Some say po-ta-to, some say po-tat-o. Whatever anyone calls a potato – or is it potatoe? – they may agree to disagree on whether soy is harmful or beneficial to our health.
The answer you get depends upon whom you ask.
Critics of soy products tend to paint soy with a broad brush, believing any type of soy can contribute to significant health issues like cancer, Alzheimer’s disease and more. Proponents of soy foods point to studies showing it helps lower cholesterol, prevents cancer, increases bone density and is good for the heart.
Both sides agree that processed soy products like soy milk, cheese and meat contain unhealthy fats and compounds that do harm. The disagreement comes from whether or not consuming traditional forms of whole and fermented soy like edamame and tofu is good for you.
Unlike the rights cited in the Declaration of Independence, not all soy products are created equal.
As previously reported in Dental Wire, commercialized soy products lose their nutrients during processing. Health experts have warned consumers to avoid soy food labels that read “soy protein” or “soy isolate” because they also contain fats, sugars and refined flours.
The soy that gives nutritionists joy is whole soy (organic) or fermented soy. Consider this: Okinawans have eaten whole and fermented soy for generations and they enjoy the longest longevity of any people in the world.
Edamame, or young soybeans, can boost your metabolism because it’s a great source of protein. One-half cup serving of edamame includes 8 grams of protein, or three times the amount of most vegetables.
Tofu is whole soymilk compressed into soft blocks like cream cheese. Tofu is bursting with calcium and omega-3 fats that lower the risk of dementia and help with normal brain function. Tofu has little taste by itself, but absorbs the flavor of whatever it is served with.
Miso is a fermented food paste made of soybeans, salt and sometimes grains like rice or barley. One teaspoon of miso contains 200-300 milligrams of sodium but research has shown it doesn’t affect our cardiovascular system like table salt and foods high in sodium do. Miso is an excellent source of antioxidants and vitamin B12 that help metabolize fats and carbohydrates.
Natto is a sticky paste made from fermented soybeans. A traditional Japanese food often eaten at breakfast, natto has lower sodium content than other forms of soy. Natto is a source of the enzyme nattokinase, which reportedly reduces the risk of blood clots and the brain plaque associated with Alzheimer’s disease. Natto contains no cholesterol, and is full of teeth-friendly minerals like iron, calcium, magnesium, potassium, and vitamins E, B6, B2 and K2.
Tempeh is an Indonesian food, and like natto, is made from fermented soybeans. Tempeh is less processed than tofu and contains more protein and fiber. Where tofu is white, smooth and wet, tempeh is dry and brownish in color with a slightly sweet taste. Tempeh is a good source of tooth-friendly calcium, magnesium, iron, fiber, folate and vitamin K.

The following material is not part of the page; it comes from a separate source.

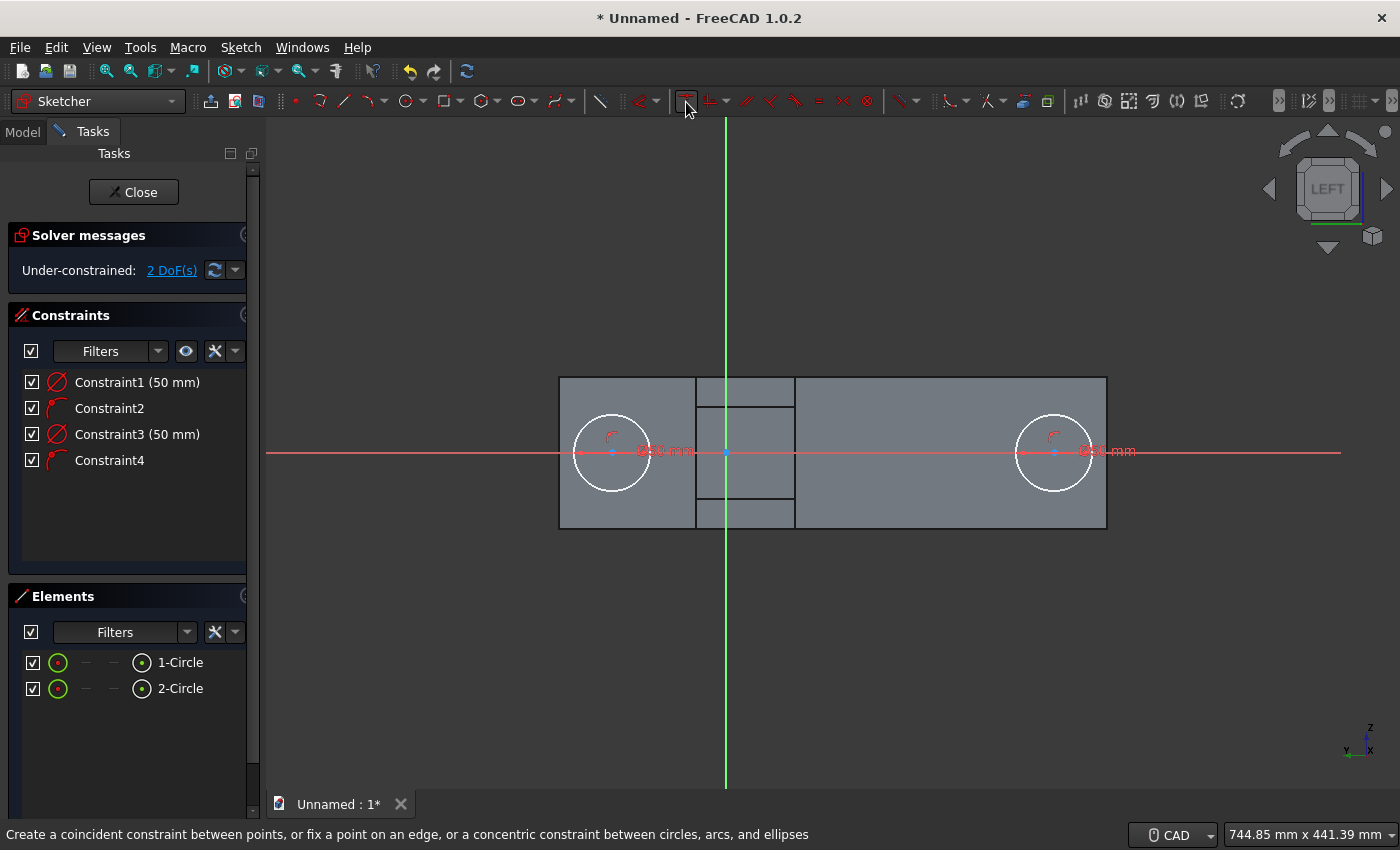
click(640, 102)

Another health benefit found in soy is it contains alpha-linolenic acid (ALA), a plant-based omega-3 fatty acid. As previously reported in Be a Pumpkin Eater Like Peter Peter, omega-3 fatty acids are considered essential for good health.
Nutritionists suggest eating a serving or two of soy a day for a couple of reasons: first, our bodies don’t produce any ALA, and second, the heart-friendly omega-3 fatty acid must be ingested to preserve the recommended level of 2 grams a day.

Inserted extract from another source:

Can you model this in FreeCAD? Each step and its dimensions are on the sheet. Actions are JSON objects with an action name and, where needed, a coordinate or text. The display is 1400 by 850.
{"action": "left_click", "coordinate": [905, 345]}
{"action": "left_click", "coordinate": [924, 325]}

Bottom Line: More nutritional studies on soy are needed, but available studies so far indicate that whole soy foods are a good source of quality protein and plant compounds that may help prevent cancer, lower cholesterol and increase bone density.
Always consult your physician before making changes to your diet. Pending that, as long as you avoid processed soy products and eat organic soy, it’s okay to jump for joy and enjoy your soy!